Thursday, May 27

Review: Marie Antoinette

Before I begin this review, I want to announce that I'm suddenly getting an assload of readers! This is probably mostly due to the shout-out my little sister (well, kind of) made for me on her blog. It's in dutch, and it's very cutesey and green. You should check it out. Here's looking at you, kid.

Okay, on to the review.

Sofia Coppola only made three feature films. She is the daughter of what I think is one of the most over-rated filmmakers ever. And she is a female director in a completely male-dominated industry. It's pretty much a miracle I like her so much. Her style is refreshing and sweet, her dialogues witty and charming and her use of music bordering on genius. And in Marie Antoinette, she pulls all of this off again.

Marie Antoinette tells the story of the French queen from the moment she leaves Austria for France up until the moment she fleas Versailles. If you were hoping for some gory beheadings, bad luck. Instead, we get to see MA's daily routine in and around Versailles. The extensive (and at times downright ridiculous) rituals for everything, the endless gossip, the attempts to reproduce with a guy who has the libido of a wet tissue... Everything. But where most costume dramas have a swooning, boring girl as the protagonist, the Marie Antoinette in this film resembles a modern it-girl.

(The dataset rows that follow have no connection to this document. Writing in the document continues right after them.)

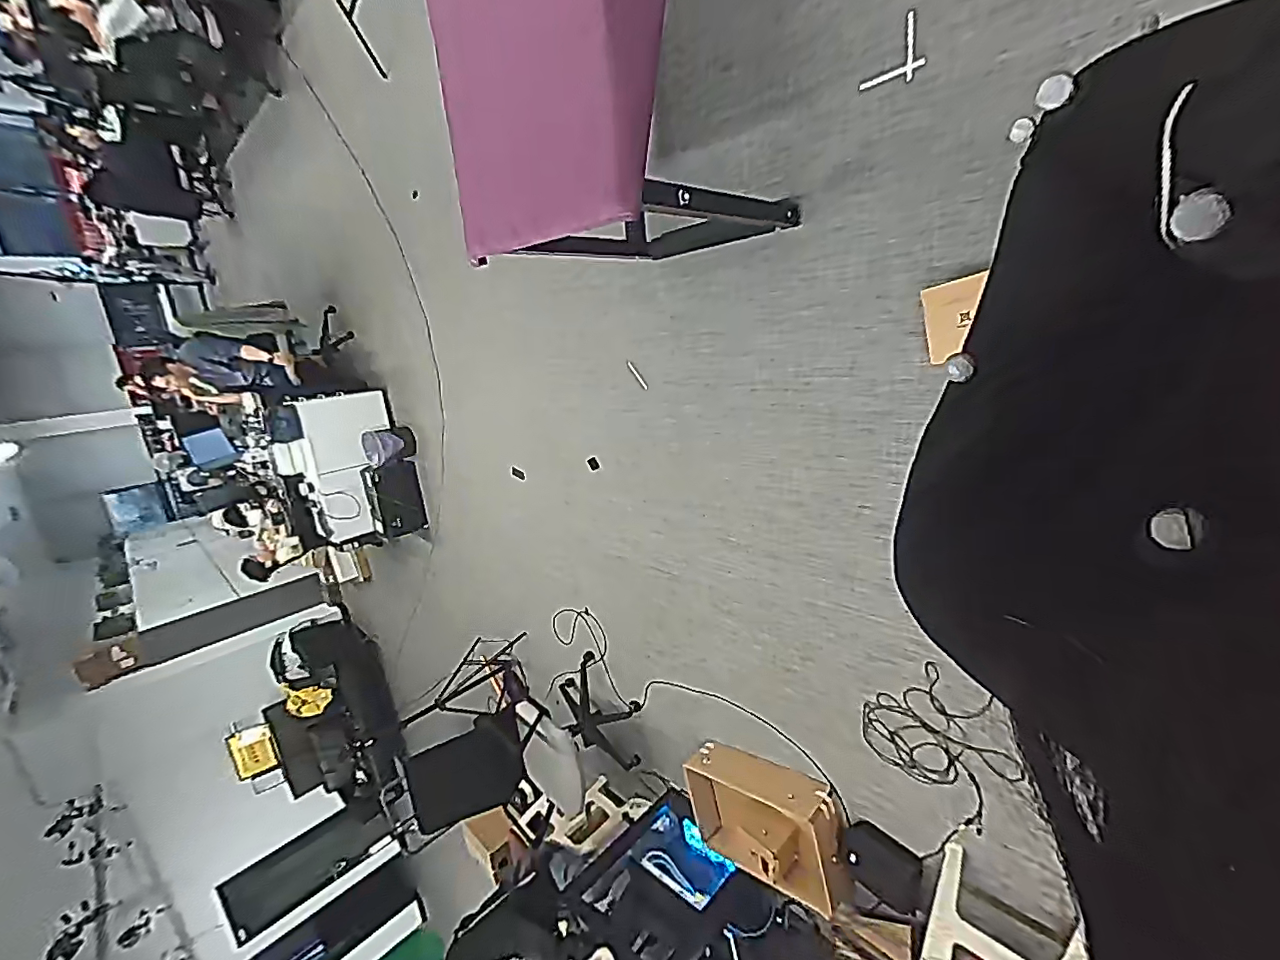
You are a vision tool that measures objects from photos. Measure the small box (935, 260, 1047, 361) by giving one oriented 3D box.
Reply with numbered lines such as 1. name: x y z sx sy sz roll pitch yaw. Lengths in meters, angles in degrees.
1. small box: 0.794 -0.380 1.220 0.168 0.176 0.179 -6 97 48
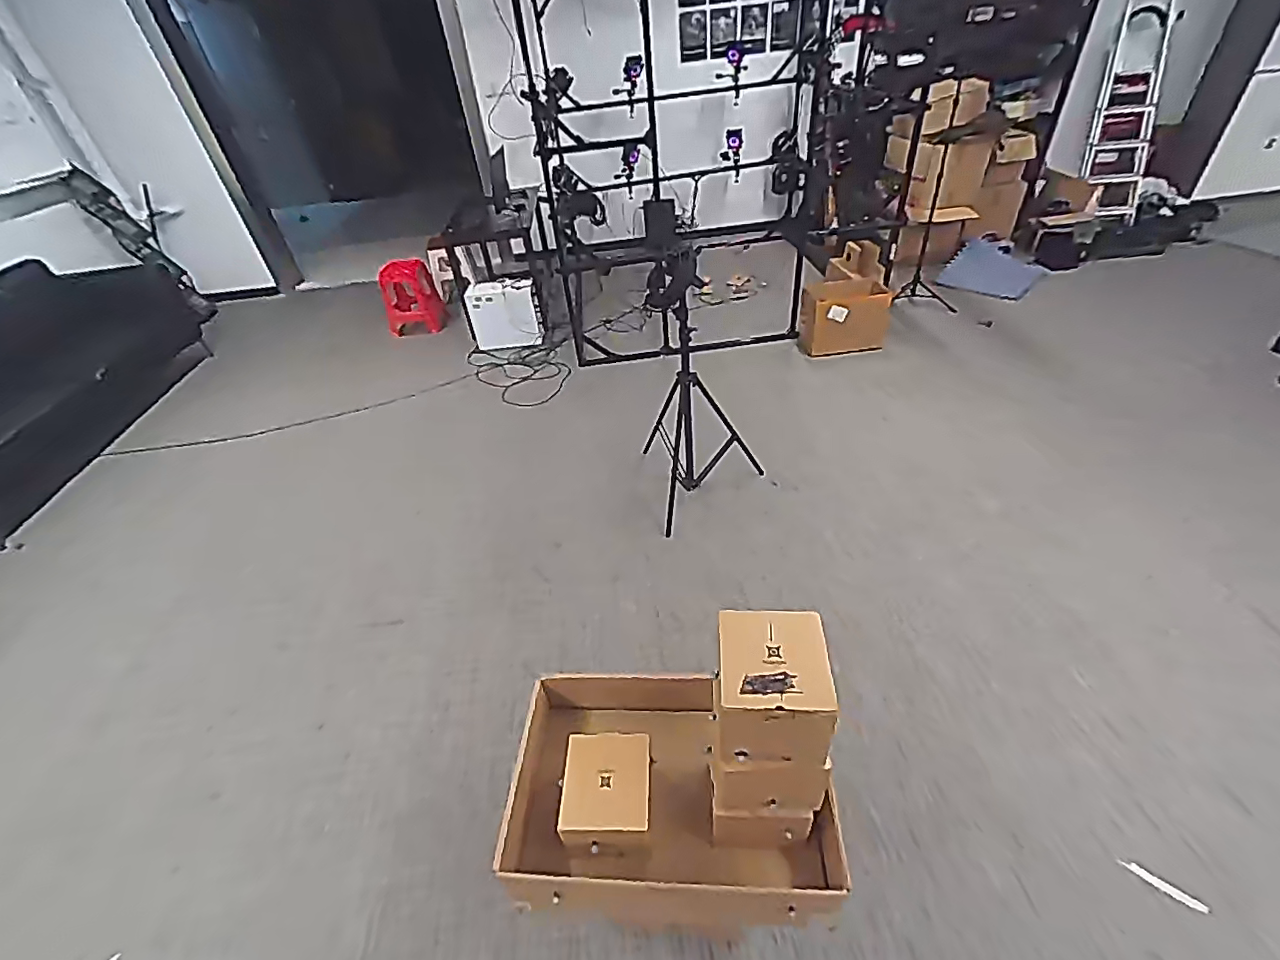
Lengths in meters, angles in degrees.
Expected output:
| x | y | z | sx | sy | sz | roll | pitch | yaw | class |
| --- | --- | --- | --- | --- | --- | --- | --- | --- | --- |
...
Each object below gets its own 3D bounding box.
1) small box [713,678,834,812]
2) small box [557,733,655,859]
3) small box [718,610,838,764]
| x | y | z | sx | sy | sz | roll | pitch | yaw | class |
| --- | --- | --- | --- | --- | --- | --- | --- | --- | --- |
| 0.224 | 0.469 | 0.960 | 0.179 | 0.176 | 0.168 | -2 | 39 | 4 | small box |
| -0.057 | 0.626 | 1.070 | 0.168 | 0.176 | 0.179 | -3 | 38 | 5 | small box |
| 0.210 | 0.331 | 0.868 | 0.168 | 0.176 | 0.179 | 0 | 39 | 7 | small box |

Mrs. Copolla has been criticized for the historical inaccuracies in the film. For instance, when MA is  trying on shoes, you can clearly see a pair of blue All-Stars in the background. But that was exactly her point: Marie Antoinette was just a teenager. Not exactly one in normal circumstances, but a teenager nevertheless. Having parties, shopping, talking with her friends for hours on end, having boyfriends... Everything. She has more similarities with Paris Hilton then with Jane Eyre.

She even has her own sextape now.

The movie trades in the bleak English countryside for the splendor of Versailles and the strong colors of pastry and dresses. The crew was even given permission to film at Versailles, which is very rare. This style gives the movie a completely unique feel, which is helped by the equally unusual soundtrack. Copolla ditches the harpsichords and string orchestra's for hip indiepop and post-punk. It works so well that you hardly even notice it after a while. The soundtrack now proudly resided on my iPod, and probably will stay there.

But despite all the goodness Marie Antoinette has to offer, I was a little disappointed by it. It was good, definitely, but it didn't connect to me emotionally in the way The Virgin Suicides and Lost in Translation did. As it is, it's a wonderfully stylish flick that kicks convention in the balls and delivers something very unique in the progress. And that is more then enough.


The music is in style: really, really hip.